Infinitely Losing My Edge
Yeah, I'm losing my edge.
I'm losing my edge.
The kids are coming up from behind.
I'm losing my edge.
I'm losing my edge to the kids from Cambodia and from Edmonton.
But I was there.
I was there in 1968.
I was there at the first Can show in Cologne.
I'm losing my edge.
I'm losing my edge to the kids whose footsteps I hear when they get on the decks.
I'm losing my edge to the internet seekers who can tell me every member of every good group from 1963 to 1979.
I'm losing my edge.
To all the kids in Taipei and Philadelphia.
I'm losing my edge to the art-school Toronto kids in little jackets and borrowed nostalgia for the unremembered nineties.
I'm losing my edge.
I'm losing my edge.
I can hear the footsteps every night on the decks.
But I was there.
I was there in 1976 at the first Soft Boys practice in a loft in Cambridge.
I was working on the arpeggiator sounds with much patience.
I was there when Robert Palmer started up his first band.
I told him, "Don't do it that way. You'll never make a dime."
I was there.
I was the first guy playing the Normal to the grunge kids.
I played it at the Crocodile.
Everybody thought I was crazy.
We all know.
I was there.
I was there.
I've never been wrong.
But I'm losing my edge to better-looking people with better ideas and more talent.
And they're actually really, really nice.
I'm losing my edge.
I heard you have a compilation of every good song ever done by anybody.
Every great song by Scientists. All the underground hits.
All Lee Hazlewood tracks. I heard you have a vinyl of every Gil Scott-Heron and Jamie xx record on German import.
I heard that you have a white label of every seminal funk hit - 1985, '86, '87.
I heard that you have a CD compilation of every good '80s cut and another box set from the '90s.
I hear you're buying a linndrum and a sitar and are throwing your macbook out the window because you want to make something real. You want to make a Gang Green record.
I hear that you and your band have sold your chamberlin and bought a sitar.
I hear that you and your band have sold your sitar and bought a chamberlin.
I hear everybody that you know is more relevant than everybody that I know.
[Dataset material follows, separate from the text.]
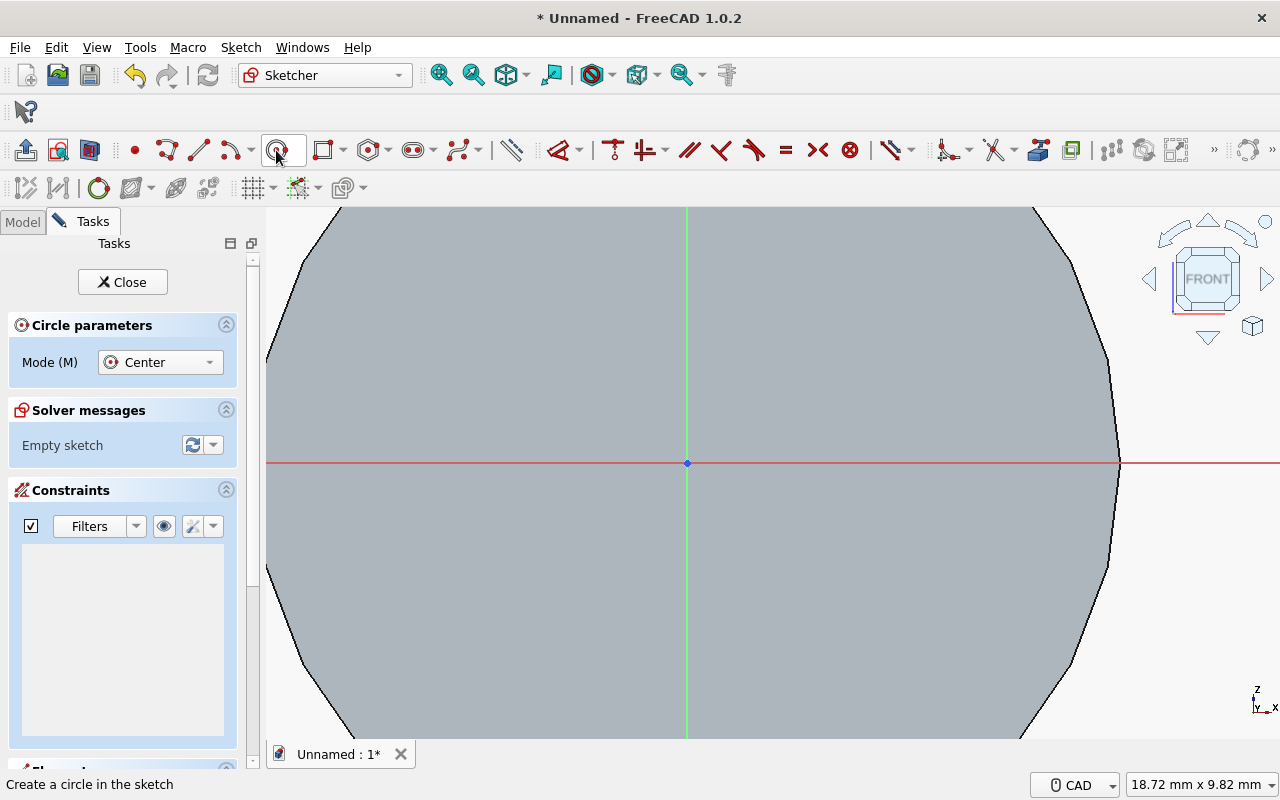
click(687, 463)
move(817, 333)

But have you seen my records?
Intrusion,
Jacob Miller,
The Beau Brummels,
Royal Trux,
D'Angelo,
Bobby Sherman,
Boogie Down Productions,
Rahsaan Roland Kirk,
Moss Icon,
These Immortal Souls,
Icehouse,
a-ha,
Hardrive,
Eve St. Jones,
Bobby Hutcherson,
Make Up,
Little Man,
Rosa Yemen,
The Remains,
Scrapy,
the Soft Cell,
Infiniti,
Electric Light Orchestra,
Wighnomy Brothers & Robag Wruhme,
Skriet,
Bill Near,
Sticky Fingaz feat. Raekwon,
The Happenings,
Black Bananas,
48th St. Collective,
Mantronix,
The Fire Engines,
Robert Görl,
Q65,
The Blues Magoos,
The Raincoats,
Lower 48,
Lonnie Liston Smith,
New York Dolls,
Notorious Big And Bone Thugs,
Crispy Ambulance,
Underground Resistance,
The Mighty Diamonds,
Rites of Spring,
Gang Gang Dance,
Sexual Harrassment,
Jeff Mills,
Curtis Mayfield,
Sight & Sound,
The Monochrome Set,
Ludus,
Pantytec,
Flipper,
Quadrant,
China Crisis,
the Germs,
Crispian St. Peters,
Jimmy McGriff,
Joe Finger,
Joe Smooth,
The Divine Comedy,
Soulsonic Force, Soulsonic Force, Soulsonic Force, Soulsonic Force.
You don't know what you really want.
You don't know what you really want.
You don't know what you really want.
You don't know what you really want.
You don't know what you really want.
You don't know what you really want.
You don't know what you really want.
You don't know what you really want.
You don't know what you really want.
You don't know what you really want.
You don't know what you really want.
You don't know what you really want.
You don't know what you really want.
You don't know what you really want.
You don't know what you really want.